**WHAT NEEDS TO BE DONE**
Word for word, restate the entries below and exclude every image.
(MATERIAL TO PROCESS begins)
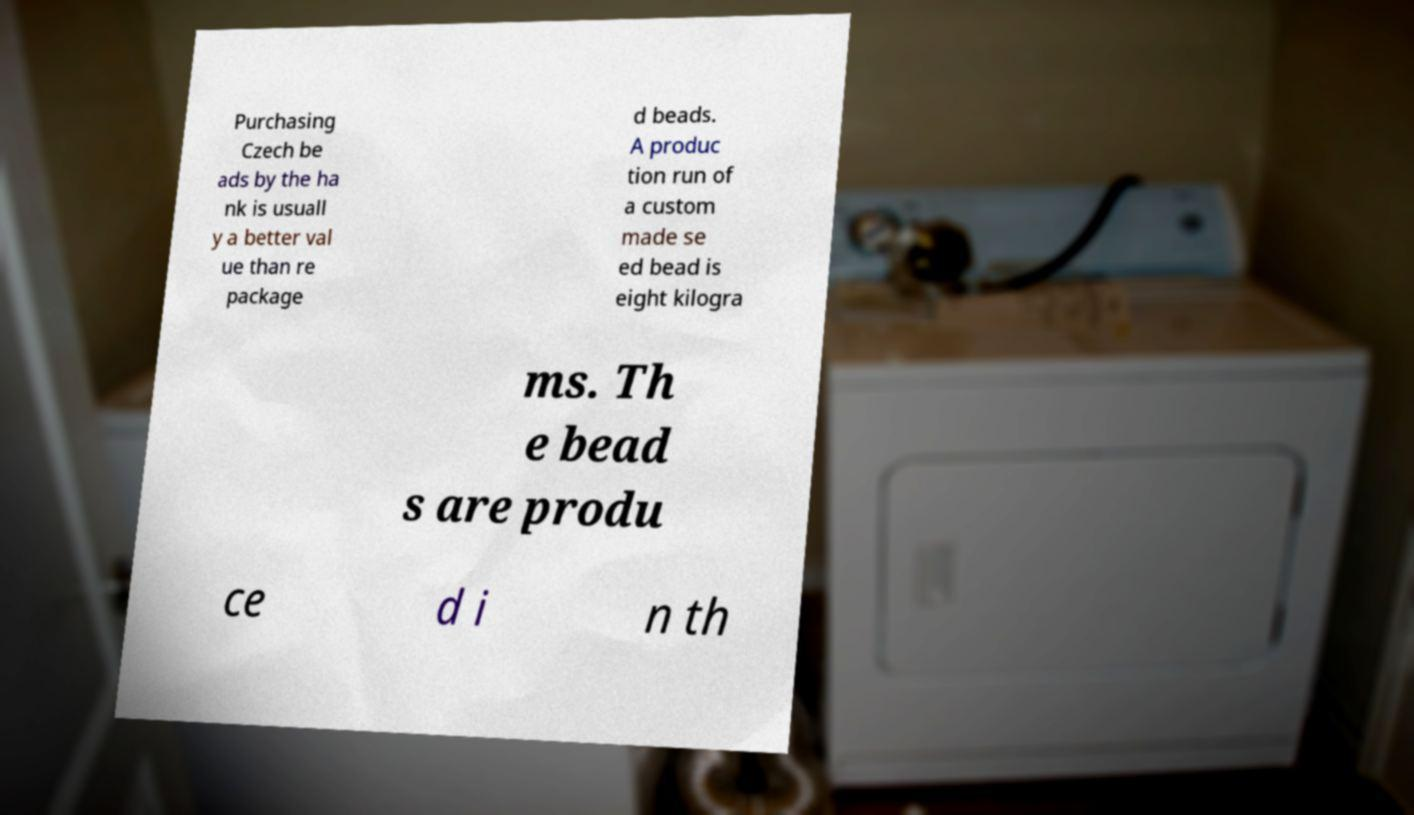Please identify and transcribe the text found in this image. Purchasing Czech be ads by the ha nk is usuall y a better val ue than re package d beads. A produc tion run of a custom made se ed bead is eight kilogra ms. Th e bead s are produ ce d i n th 
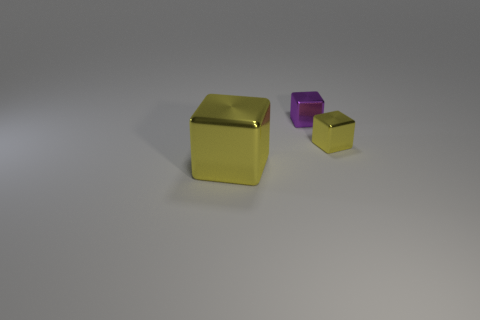Add 1 gray metal balls. How many objects exist? 4 Subtract all cyan cylinders. How many purple blocks are left? 1 Subtract all cubes. Subtract all small blue things. How many objects are left? 0 Add 1 small purple things. How many small purple things are left? 2 Add 3 yellow metallic cubes. How many yellow metallic cubes exist? 5 Subtract all purple cubes. How many cubes are left? 2 Subtract all small yellow metal blocks. How many blocks are left? 2 Subtract 0 red cylinders. How many objects are left? 3 Subtract 3 cubes. How many cubes are left? 0 Subtract all red cubes. Subtract all brown balls. How many cubes are left? 3 
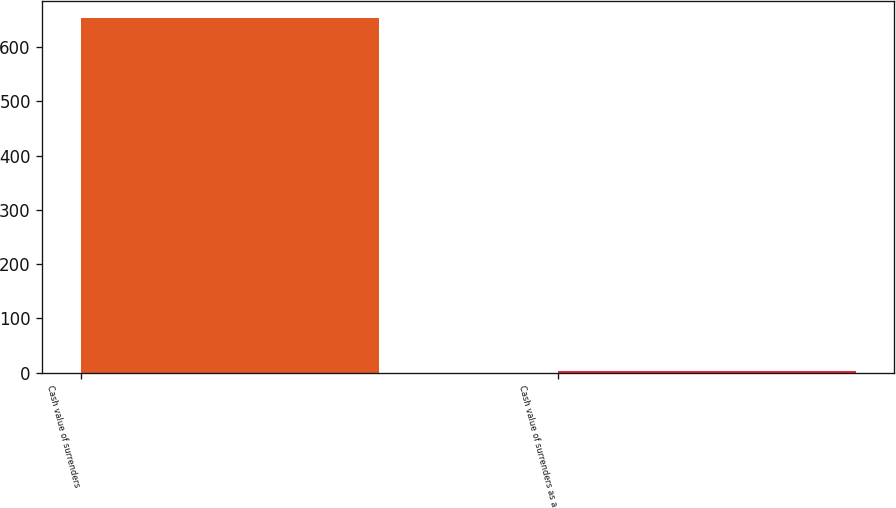Convert chart to OTSL. <chart><loc_0><loc_0><loc_500><loc_500><bar_chart><fcel>Cash value of surrenders<fcel>Cash value of surrenders as a<nl><fcel>653<fcel>3.8<nl></chart> 
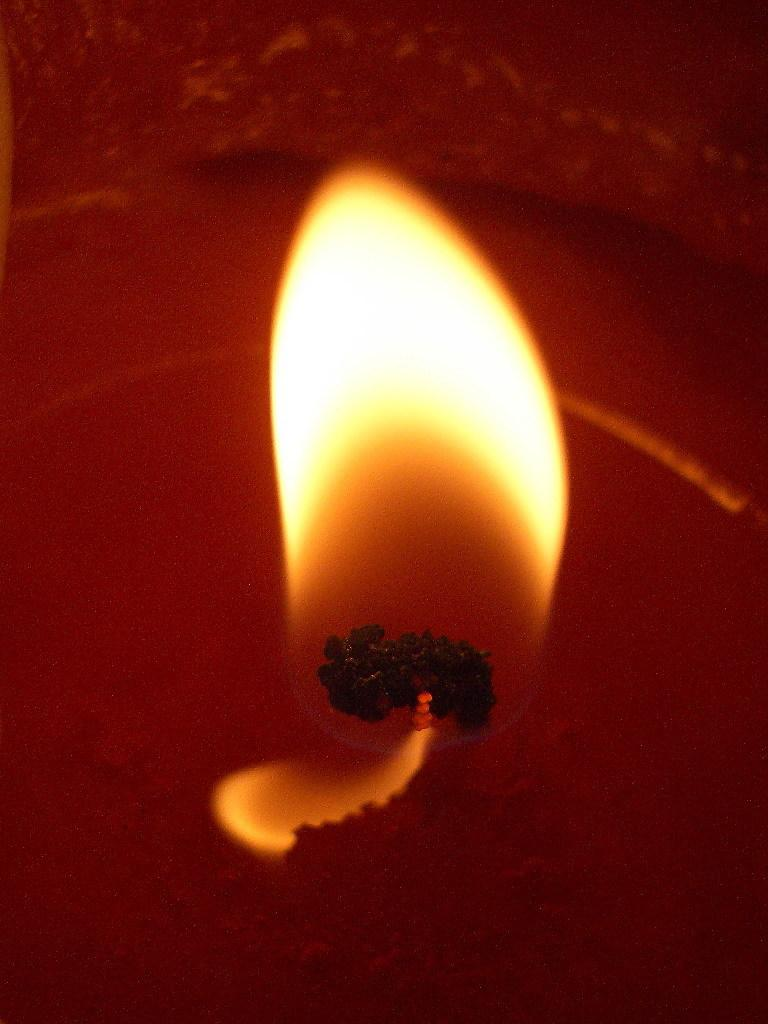What is the source of light in the image? There is a flame in the image. What object is the flame coming from? There is a candle in the image. How many friends are on the voyage in the image? There is no reference to a voyage or friends in the image; it only features a flame and a candle. 
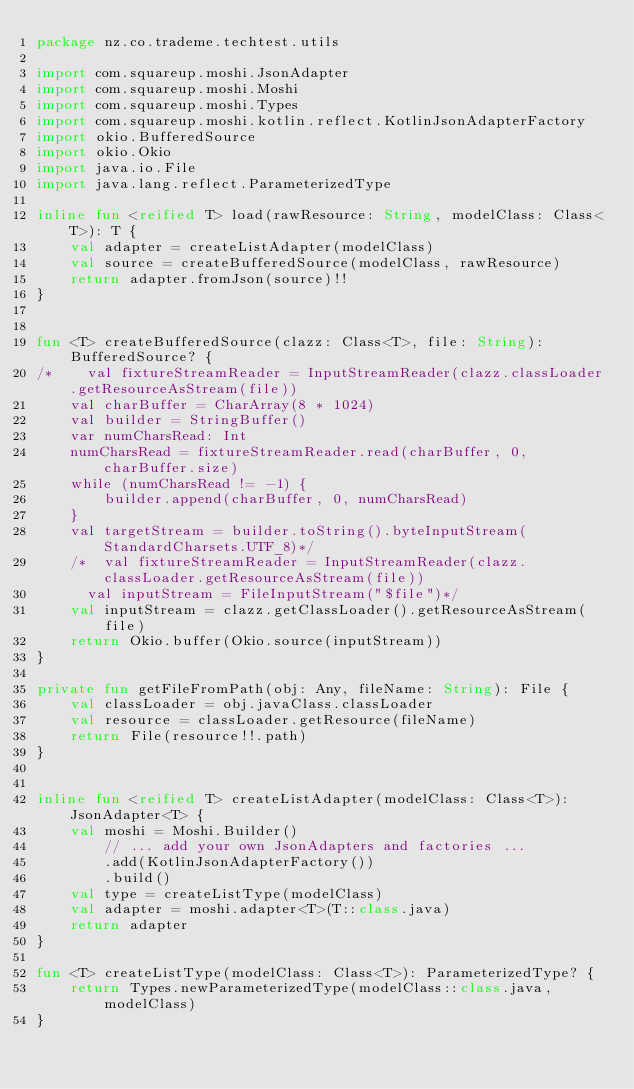Convert code to text. <code><loc_0><loc_0><loc_500><loc_500><_Kotlin_>package nz.co.trademe.techtest.utils

import com.squareup.moshi.JsonAdapter
import com.squareup.moshi.Moshi
import com.squareup.moshi.Types
import com.squareup.moshi.kotlin.reflect.KotlinJsonAdapterFactory
import okio.BufferedSource
import okio.Okio
import java.io.File
import java.lang.reflect.ParameterizedType

inline fun <reified T> load(rawResource: String, modelClass: Class<T>): T {
    val adapter = createListAdapter(modelClass)
    val source = createBufferedSource(modelClass, rawResource)
    return adapter.fromJson(source)!!
}


fun <T> createBufferedSource(clazz: Class<T>, file: String): BufferedSource? {
/*    val fixtureStreamReader = InputStreamReader(clazz.classLoader.getResourceAsStream(file))
    val charBuffer = CharArray(8 * 1024)
    val builder = StringBuffer()
    var numCharsRead: Int
    numCharsRead = fixtureStreamReader.read(charBuffer, 0, charBuffer.size)
    while (numCharsRead != -1) {
        builder.append(charBuffer, 0, numCharsRead)
    }
    val targetStream = builder.toString().byteInputStream(StandardCharsets.UTF_8)*/
    /*  val fixtureStreamReader = InputStreamReader(clazz.classLoader.getResourceAsStream(file))
      val inputStream = FileInputStream("$file")*/
    val inputStream = clazz.getClassLoader().getResourceAsStream(file)
    return Okio.buffer(Okio.source(inputStream))
}

private fun getFileFromPath(obj: Any, fileName: String): File {
    val classLoader = obj.javaClass.classLoader
    val resource = classLoader.getResource(fileName)
    return File(resource!!.path)
}


inline fun <reified T> createListAdapter(modelClass: Class<T>): JsonAdapter<T> {
    val moshi = Moshi.Builder()
        // ... add your own JsonAdapters and factories ...
        .add(KotlinJsonAdapterFactory())
        .build()
    val type = createListType(modelClass)
    val adapter = moshi.adapter<T>(T::class.java)
    return adapter
}

fun <T> createListType(modelClass: Class<T>): ParameterizedType? {
    return Types.newParameterizedType(modelClass::class.java, modelClass)
}
</code> 
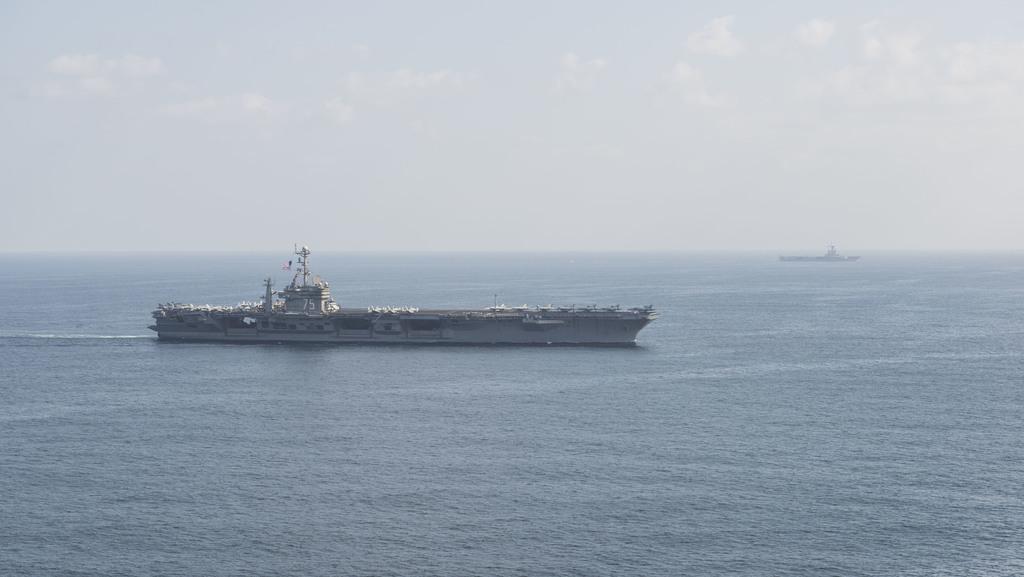In one or two sentences, can you explain what this image depicts? In this image we can see a two ships in a large water body. On the backside we can see the sky which looks cloudy. 
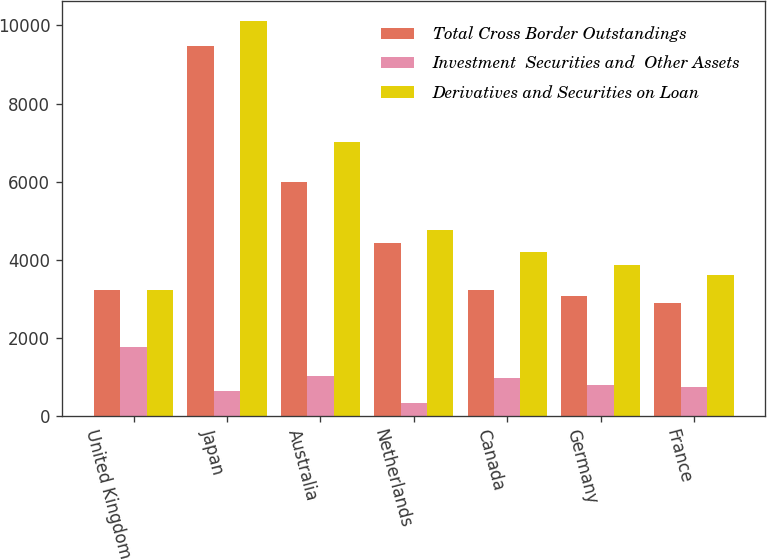Convert chart. <chart><loc_0><loc_0><loc_500><loc_500><stacked_bar_chart><ecel><fcel>United Kingdom<fcel>Japan<fcel>Australia<fcel>Netherlands<fcel>Canada<fcel>Germany<fcel>France<nl><fcel>Total Cross Border Outstandings<fcel>3227<fcel>9465<fcel>5981<fcel>4425<fcel>3227<fcel>3075<fcel>2887<nl><fcel>Investment  Securities and  Other Assets<fcel>1769<fcel>644<fcel>1039<fcel>330<fcel>974<fcel>792<fcel>735<nl><fcel>Derivatives and Securities on Loan<fcel>3227<fcel>10109<fcel>7020<fcel>4755<fcel>4201<fcel>3867<fcel>3622<nl></chart> 
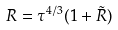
(MATERIAL TO PROCESS ends)
**ANSWER BELOW**
Please identify and transcribe the text found in this image. Purchasing Czech be ads by the ha nk is usuall y a better val ue than re package d beads. A produc tion run of a custom made se ed bead is eight kilogra ms. Th e bead s are produ ce d i n th 
Add 1 gray metal balls. How many objects exist? 4 Subtract all cyan cylinders. How many purple blocks are left? 1 Subtract all cubes. Subtract all small blue things. How many objects are left? 0 Add 1 small purple things. How many small purple things are left? 2 Add 3 yellow metallic cubes. How many yellow metallic cubes exist? 5 Subtract all purple cubes. How many cubes are left? 2 Subtract all small yellow metal blocks. How many blocks are left? 2 Subtract 0 red cylinders. How many objects are left? 3 Subtract 3 cubes. How many cubes are left? 0 Subtract all red cubes. Subtract all brown balls. How many cubes are left? 3 
Convert chart to OTSL. <chart><loc_0><loc_0><loc_500><loc_500><bar_chart><fcel>Cash value of surrenders<fcel>Cash value of surrenders as a<nl><fcel>653<fcel>3.8<nl></chart> 
What is the source of light in the image? There is a flame in the image. What object is the flame coming from? There is a candle in the image. How many friends are on the voyage in the image? There is no reference to a voyage or friends in the image; it only features a flame and a candle. 
Convert code to text. <code><loc_0><loc_0><loc_500><loc_500><_Kotlin_>package nz.co.trademe.techtest.utils

import com.squareup.moshi.JsonAdapter
import com.squareup.moshi.Moshi
import com.squareup.moshi.Types
import com.squareup.moshi.kotlin.reflect.KotlinJsonAdapterFactory
import okio.BufferedSource
import okio.Okio
import java.io.File
import java.lang.reflect.ParameterizedType

inline fun <reified T> load(rawResource: String, modelClass: Class<T>): T {
    val adapter = createListAdapter(modelClass)
    val source = createBufferedSource(modelClass, rawResource)
    return adapter.fromJson(source)!!
}


fun <T> createBufferedSource(clazz: Class<T>, file: String): BufferedSource? {
/*    val fixtureStreamReader = InputStreamReader(clazz.classLoader.getResourceAsStream(file))
    val charBuffer = CharArray(8 * 1024)
    val builder = StringBuffer()
    var numCharsRead: Int
    numCharsRead = fixtureStreamReader.read(charBuffer, 0, charBuffer.size)
    while (numCharsRead != -1) {
        builder.append(charBuffer, 0, numCharsRead)
    }
    val targetStream = builder.toString().byteInputStream(StandardCharsets.UTF_8)*/
    /*  val fixtureStreamReader = InputStreamReader(clazz.classLoader.getResourceAsStream(file))
      val inputStream = FileInputStream("$file")*/
    val inputStream = clazz.getClassLoader().getResourceAsStream(file)
    return Okio.buffer(Okio.source(inputStream))
}

private fun getFileFromPath(obj: Any, fileName: String): File {
    val classLoader = obj.javaClass.classLoader
    val resource = classLoader.getResource(fileName)
    return File(resource!!.path)
}


inline fun <reified T> createListAdapter(modelClass: Class<T>): JsonAdapter<T> {
    val moshi = Moshi.Builder()
        // ... add your own JsonAdapters and factories ...
        .add(KotlinJsonAdapterFactory())
        .build()
    val type = createListType(modelClass)
    val adapter = moshi.adapter<T>(T::class.java)
    return adapter
}

fun <T> createListType(modelClass: Class<T>): ParameterizedType? {
    return Types.newParameterizedType(modelClass::class.java, modelClass)
}
</code> 
In one or two sentences, can you explain what this image depicts? In this image we can see a two ships in a large water body. On the backside we can see the sky which looks cloudy. 
Convert chart. <chart><loc_0><loc_0><loc_500><loc_500><stacked_bar_chart><ecel><fcel>United Kingdom<fcel>Japan<fcel>Australia<fcel>Netherlands<fcel>Canada<fcel>Germany<fcel>France<nl><fcel>Total Cross Border Outstandings<fcel>3227<fcel>9465<fcel>5981<fcel>4425<fcel>3227<fcel>3075<fcel>2887<nl><fcel>Investment  Securities and  Other Assets<fcel>1769<fcel>644<fcel>1039<fcel>330<fcel>974<fcel>792<fcel>735<nl><fcel>Derivatives and Securities on Loan<fcel>3227<fcel>10109<fcel>7020<fcel>4755<fcel>4201<fcel>3867<fcel>3622<nl></chart> 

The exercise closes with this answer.